== Work request ==
Copy each line below in which the string "conversions" appears.

== Dataset records ==
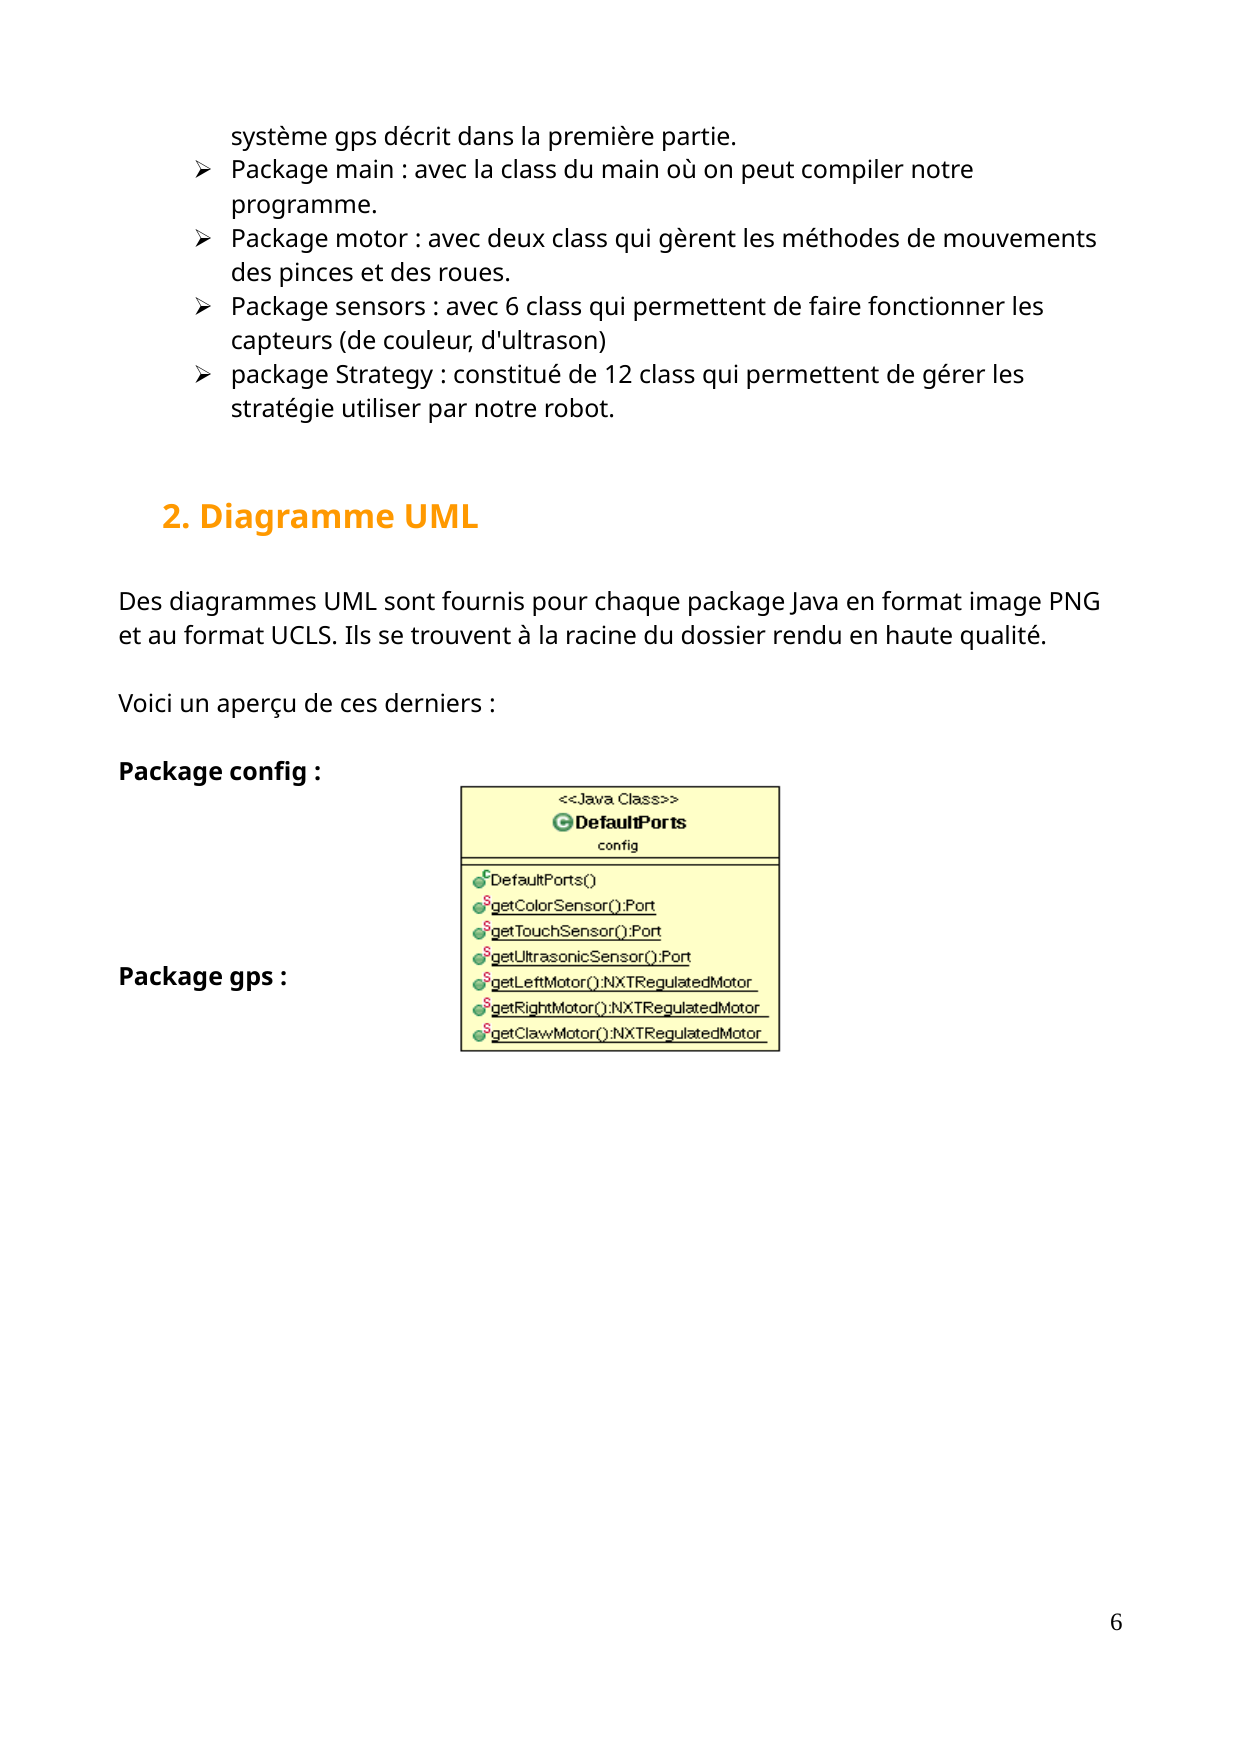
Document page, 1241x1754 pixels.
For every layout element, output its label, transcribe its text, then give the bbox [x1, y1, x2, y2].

list Package motor : avec deux class qui gèrent les méthodes de mouvements des pinces et des roues. [193, 220, 1122, 288]
text 2. Diagramme UML [118, 493, 1122, 538]
text [785, 958, 1122, 992]
text Des diagrammes UML sont fournis pour chaque package Java en format image PNG et au format UCLS. Ils se trouvent à la racine du dossier rendu en haute qualité. [118, 584, 1122, 652]
list Package sensors : avec 6 class qui permettent de faire fonctionner les capteurs (de couleur, d'ultrason) [193, 288, 1122, 357]
text Package gps : [118, 958, 456, 992]
list package Strategy : constitué de 12 class qui permettent de gérer les stratégie utiliser par notre robot. [193, 357, 1122, 425]
text Voici un aperçu de ces derniers : [118, 686, 1122, 720]
list système gps décrit dans la première partie. [193, 118, 1122, 152]
picture [456, 782, 785, 1056]
list Package main : avec la class du main où on peut compiler notre programme. [193, 152, 1122, 220]
text Package config : [118, 754, 1122, 788]
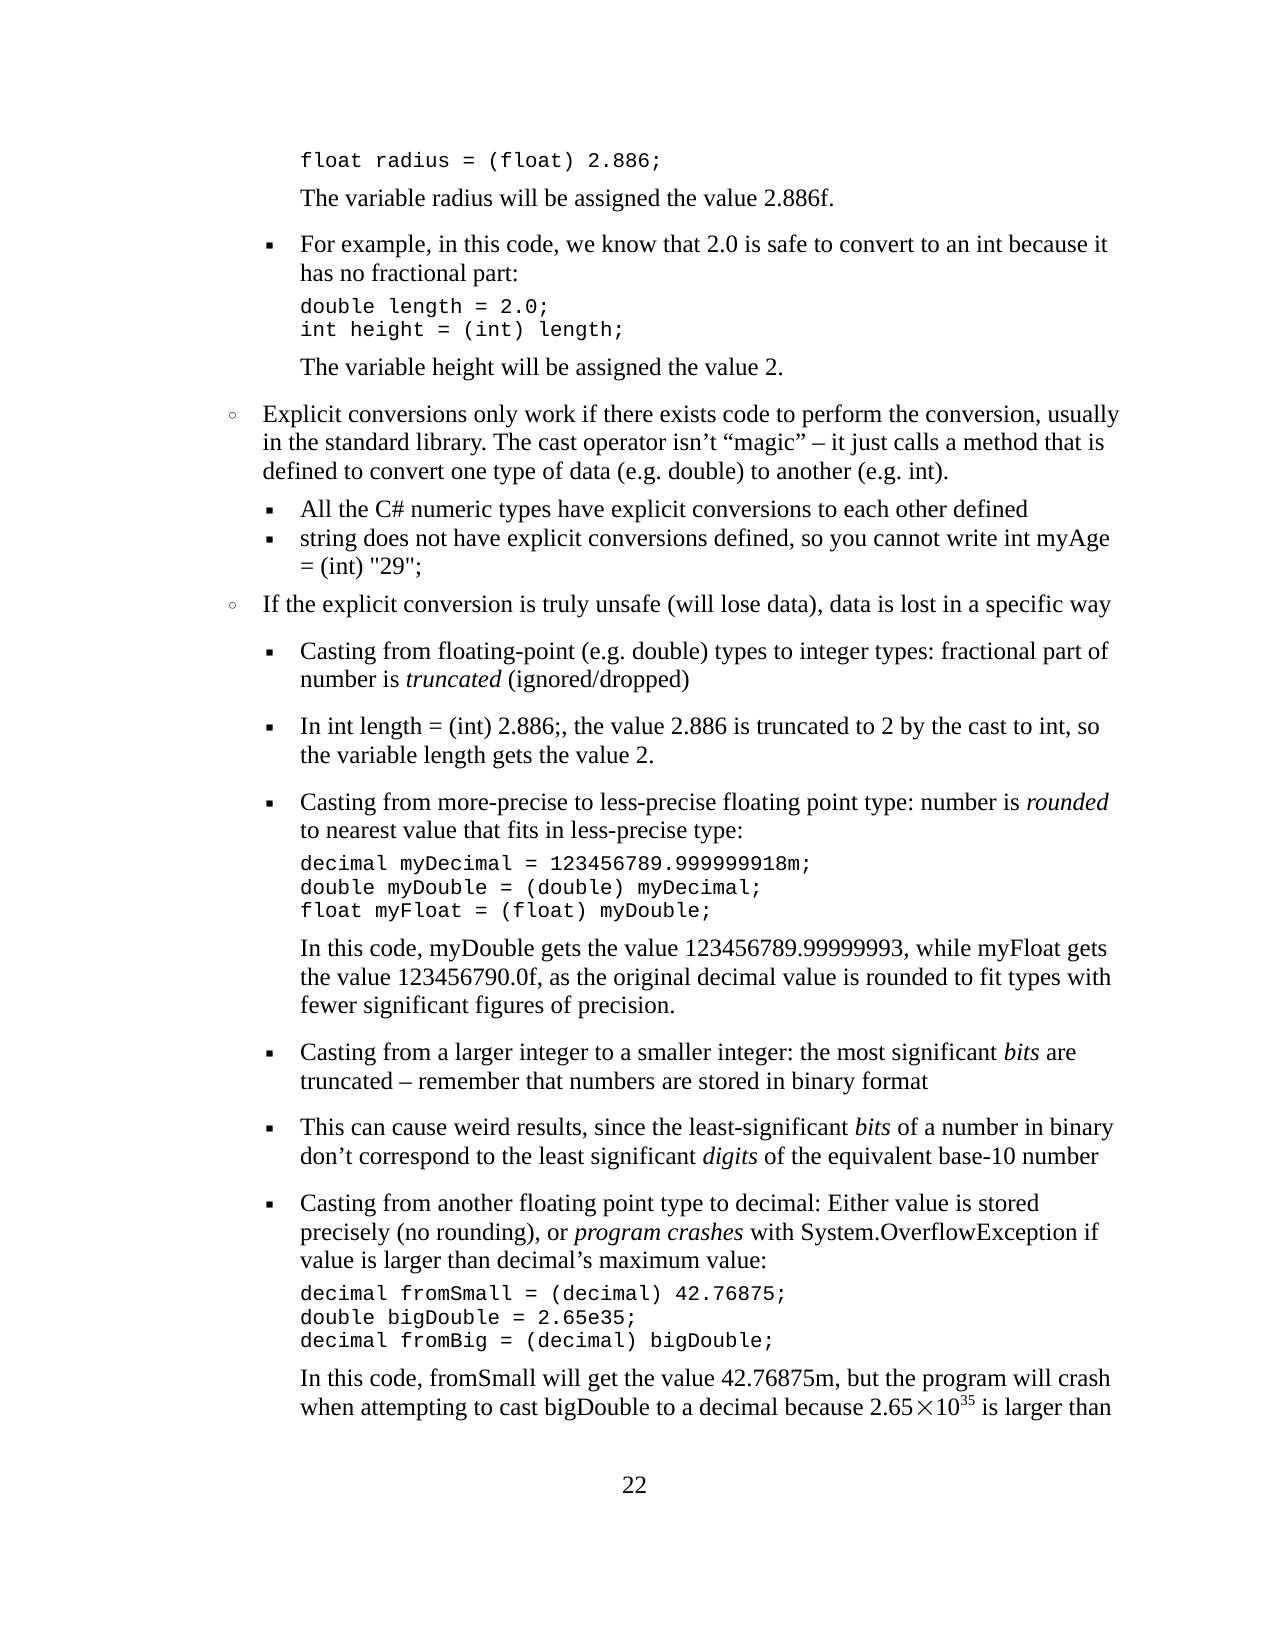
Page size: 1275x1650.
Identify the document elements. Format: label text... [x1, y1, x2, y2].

list decimal myDecimal = 123456789.999999918m; [262, 853, 1125, 877]
list In this code, myDouble gets the value 123456789.99999993, while myFloat gets the value 123456790.0f, as the original decimal value is rounded to fit types with fewer significant figures of precision. [262, 933, 1125, 1019]
list decimal fromBig = (decimal) bigDouble; [262, 1330, 1125, 1354]
list Explicit conversions only work if there exists code to perform the conversion, usually in the standard library. The cast operator isn’t “magic” – it just calls a method that is defined to convert one type of data (e.g. double) to another (e.g. int). [225, 399, 1125, 485]
list float radius = (float) 2.886; [262, 150, 1125, 174]
list int height = (int) length; [262, 319, 1125, 343]
list Casting from a larger integer to a smaller integer: the most significant bits are truncated – remember that numbers are stored in binary format [262, 1037, 1125, 1094]
list Casting from more-precise to less-precise floating point type: number is rounded to nearest value that fits in less-precise type: [262, 787, 1125, 844]
list The variable height will be assigned the value 2. [262, 352, 1125, 381]
list For example, in this code, we know that 2.0 is safe to convert to an int because it has no fractional part: [262, 229, 1125, 287]
list decimal fromSmall = (decimal) 42.76875; [262, 1283, 1125, 1307]
list This can cause weird results, since the least-significant bits of a number in binary don’t correspond to the least significant digits of the equivalent base-10 number [262, 1112, 1125, 1170]
list double myDouble = (double) myDecimal; [262, 877, 1125, 900]
list float myFloat = (float) myDouble; [262, 900, 1125, 924]
list Casting from floating-point (e.g. double) types to integer types: fractional part of number is truncated (ignored/dropped) [262, 636, 1125, 693]
list Casting from another floating point type to decimal: Either value is stored precisely (no rounding), or program crashes with System.OverflowException if value is larger than decimal’s maximum value: [262, 1188, 1125, 1274]
list In int length = (int) 2.886;, the value 2.886 is truncated to 2 by the cast to int, so the variable length gets the value 2. [262, 711, 1125, 769]
list All the C# numeric types have explicit conversions to each other defined [262, 494, 1125, 523]
list string does not have explicit conversions defined, so you cannot write int myAge = (int) "29"; [262, 523, 1125, 580]
list In this code, fromSmall will get the value 42.76875m, but the program will crash when attempting to cast bigDouble to a decimal because is larger than [262, 1363, 1125, 1421]
list The variable radius will be assigned the value 2.886f. [262, 183, 1125, 211]
list double length = 2.0; [262, 296, 1125, 319]
list double bigDouble = 2.65e35; [262, 1307, 1125, 1330]
list If the explicit conversion is truly unsafe (will lose data), data is lost in a specific way [225, 589, 1125, 618]

== Expected output ==
list Explicit conversions only work if there exists code to perform the conversion, usually in the standard library. The cast operator isn’t “magic” – it just calls a method that is defined to convert one type of data (e.g. double) to another (e.g. int). [225, 399, 1125, 485]
list All the C# numeric types have explicit conversions to each other defined [262, 494, 1125, 523]
list string does not have explicit conversions defined, so you cannot write int myAge = (int) "29"; [262, 523, 1125, 580]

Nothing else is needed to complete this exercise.